Not only do I love to hunt but I love to cook wild game that I have hunted myself. There is no better quality time spent in the woods, on a duck pond, or walking upland fields with family and friends. The camaraderie, the laughter, the outdoors, and nature are heightened when you are alert to the sounds and sights of the hunted. The thrill of the success and even of the failure gives one a huge connection to the land and where we all came from. What would our country be without the wild game that sustained our forefathers? How is it that so many of us have lost our connection to the land? Does the best food really come wrapped in plastic from the grocery store?
I have spent so many early mornings and late afternoons in pursuit of wild game. Not always successful but enough to keep me returning to try again. I will only hunt what I plan to cook and eat myself. I have shared game dinners with family and friends that share in the love of wild foods and some that are trying it for the first time. It is true that some game has to be cooked differently than store bought meats, but it isn’t complicated either. Wild game tends to lack the fat that domestic meat has, therefore, you cannot overcook it or it will dried out. If cooked properly there is nothing better, not to mention it is hormone and anti-biotic free and organic in every way possible, Pure natural food.

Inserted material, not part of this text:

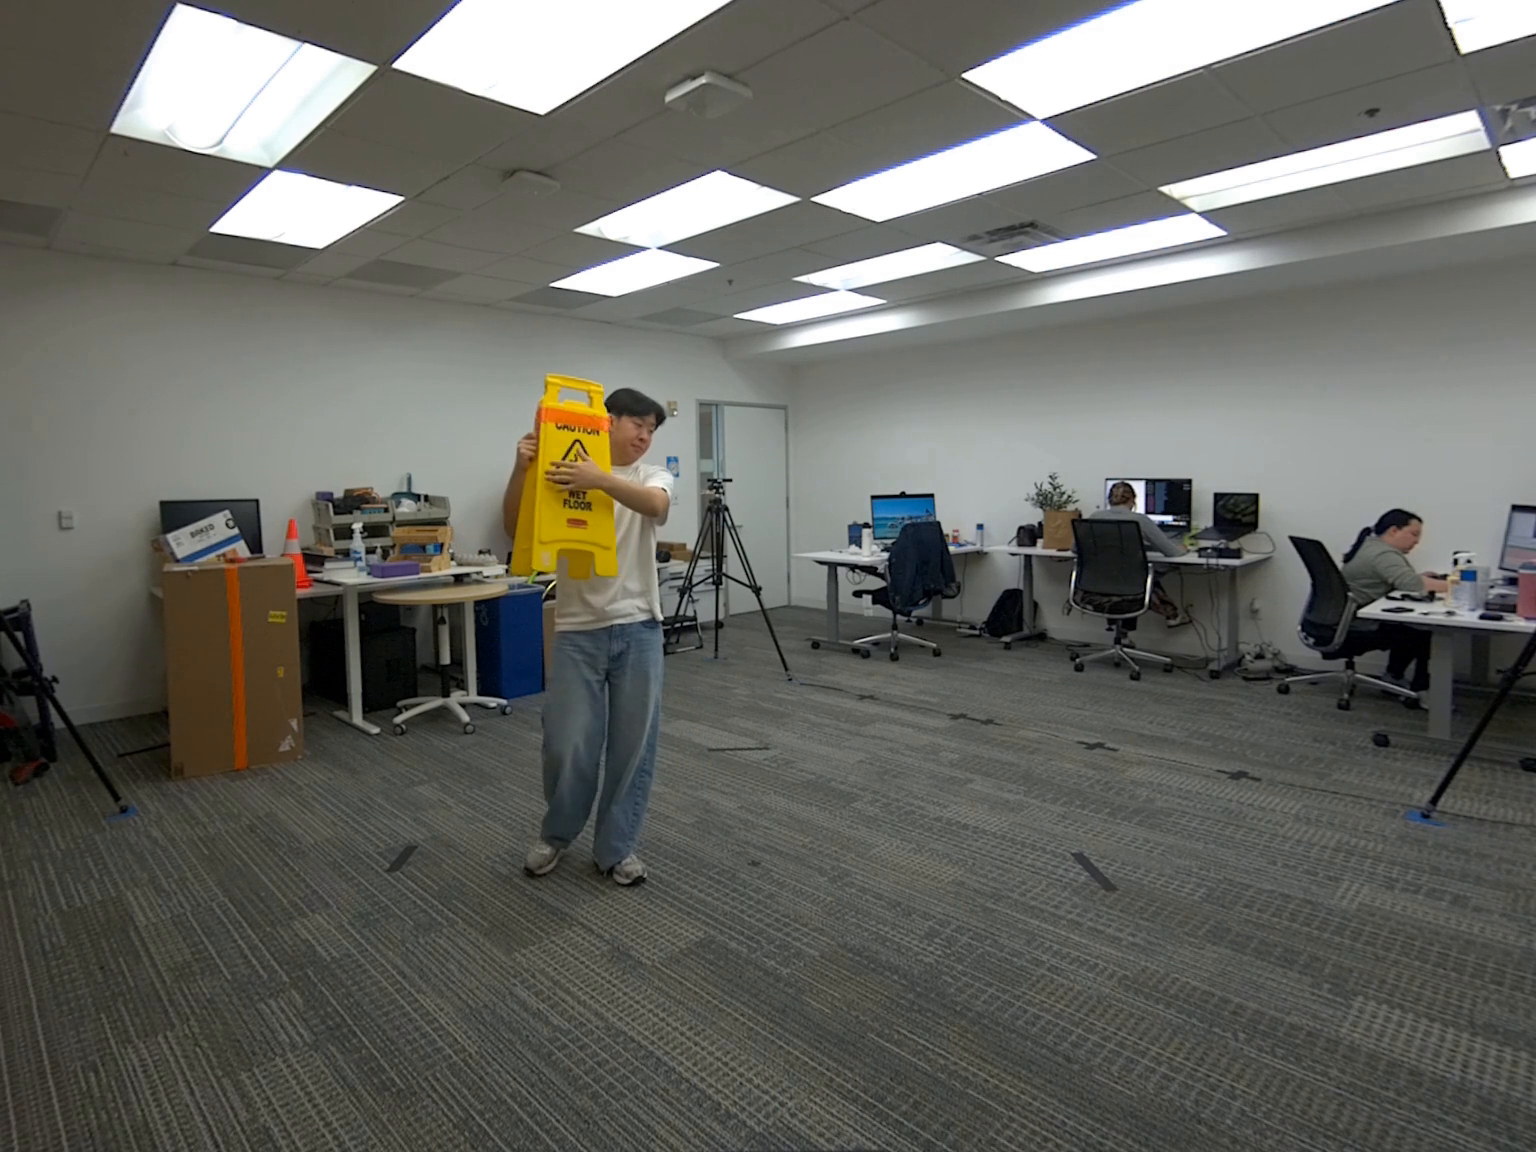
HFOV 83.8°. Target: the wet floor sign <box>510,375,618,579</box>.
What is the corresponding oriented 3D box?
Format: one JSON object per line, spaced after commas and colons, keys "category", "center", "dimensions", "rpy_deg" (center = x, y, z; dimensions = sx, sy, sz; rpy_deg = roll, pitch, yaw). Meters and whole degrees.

I have adapted a lot of my conventional recipes and applied it to wild game. I love to prepare a game dinner with everything form upland birds and waterfowl to venison. All cooked in different ways with different sauces and flavors. I recently spent a day in the fields with a friend hunting pheasant and chukar. After a beautiful late fall day in the field I returned with a cooler of game birds, it was time to cook! I prepared pheasant schnitzel, seared mallard breast, chukar grilled with a sweet pepper glaze, red cabbage, spaetzel and wild rice! What a feast! My sister had never really had wild duck breast and she enjoyed the perfectly cooked pinkness of the meat drizzled with a raspberry balsamic reduction. Everything paired so well and it was nothing less then gourmet. Another successful and delicious game dinner.